---------- Data for review

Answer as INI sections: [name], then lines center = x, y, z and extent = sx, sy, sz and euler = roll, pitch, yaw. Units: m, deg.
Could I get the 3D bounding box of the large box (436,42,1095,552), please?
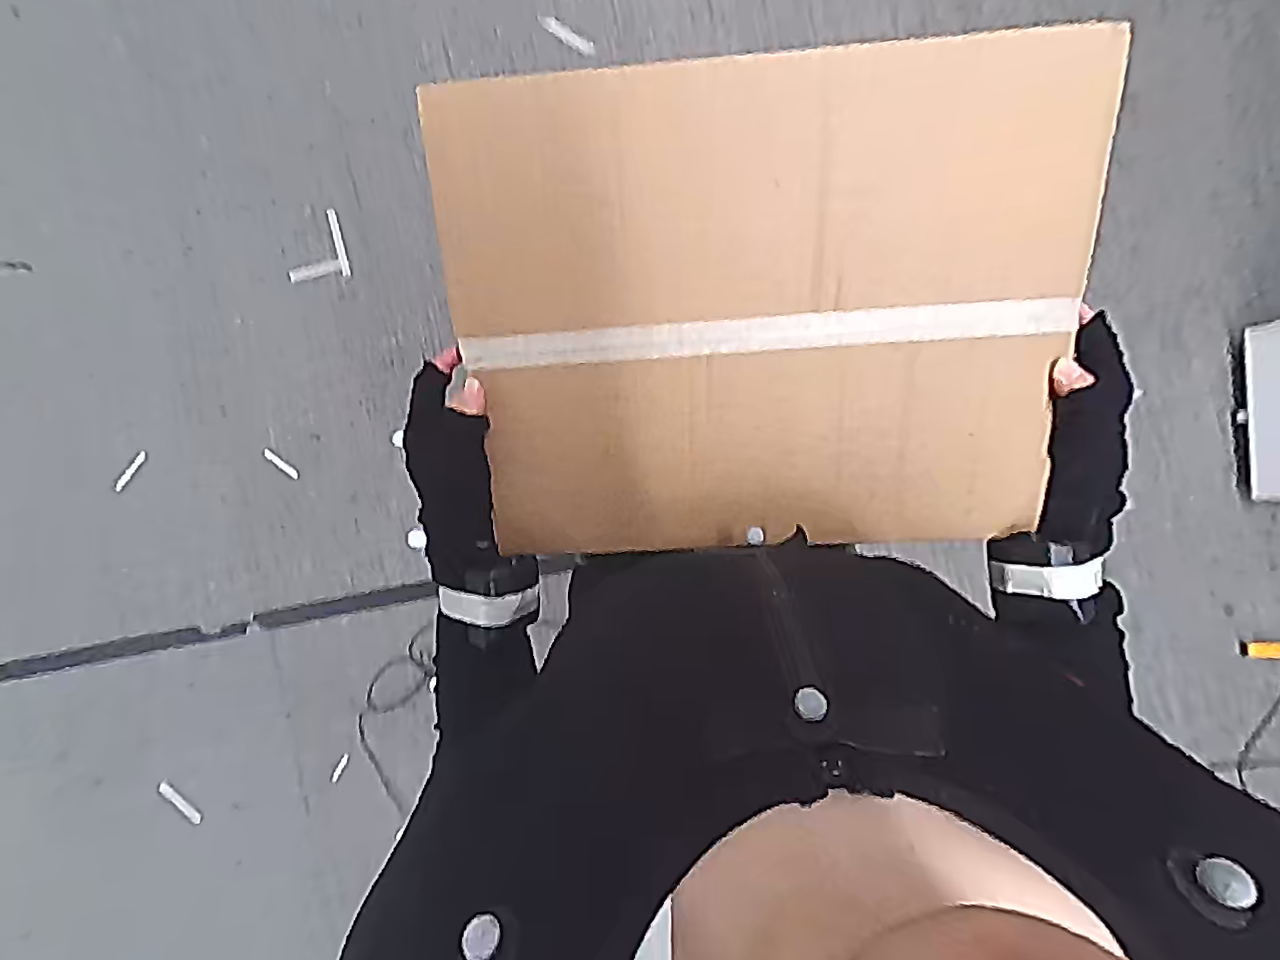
[large box]
center = 0.084, -0.148, 0.515
extent = 0.408, 0.320, 0.320
euler = -3, 111, 3

--------------------

Brief: Print all the material above exactly, and drop the images.

Reply:
Answer as INI sections: [name], then lines center = x, y, z and extent = sx, sy, sz and euler = roll, pitch, yaw. Units: m, deg.
Could I get the 3D bounding box of the large box (436,42,1095,552), please?
[large box]
center = 0.084, -0.148, 0.515
extent = 0.408, 0.320, 0.320
euler = -3, 111, 3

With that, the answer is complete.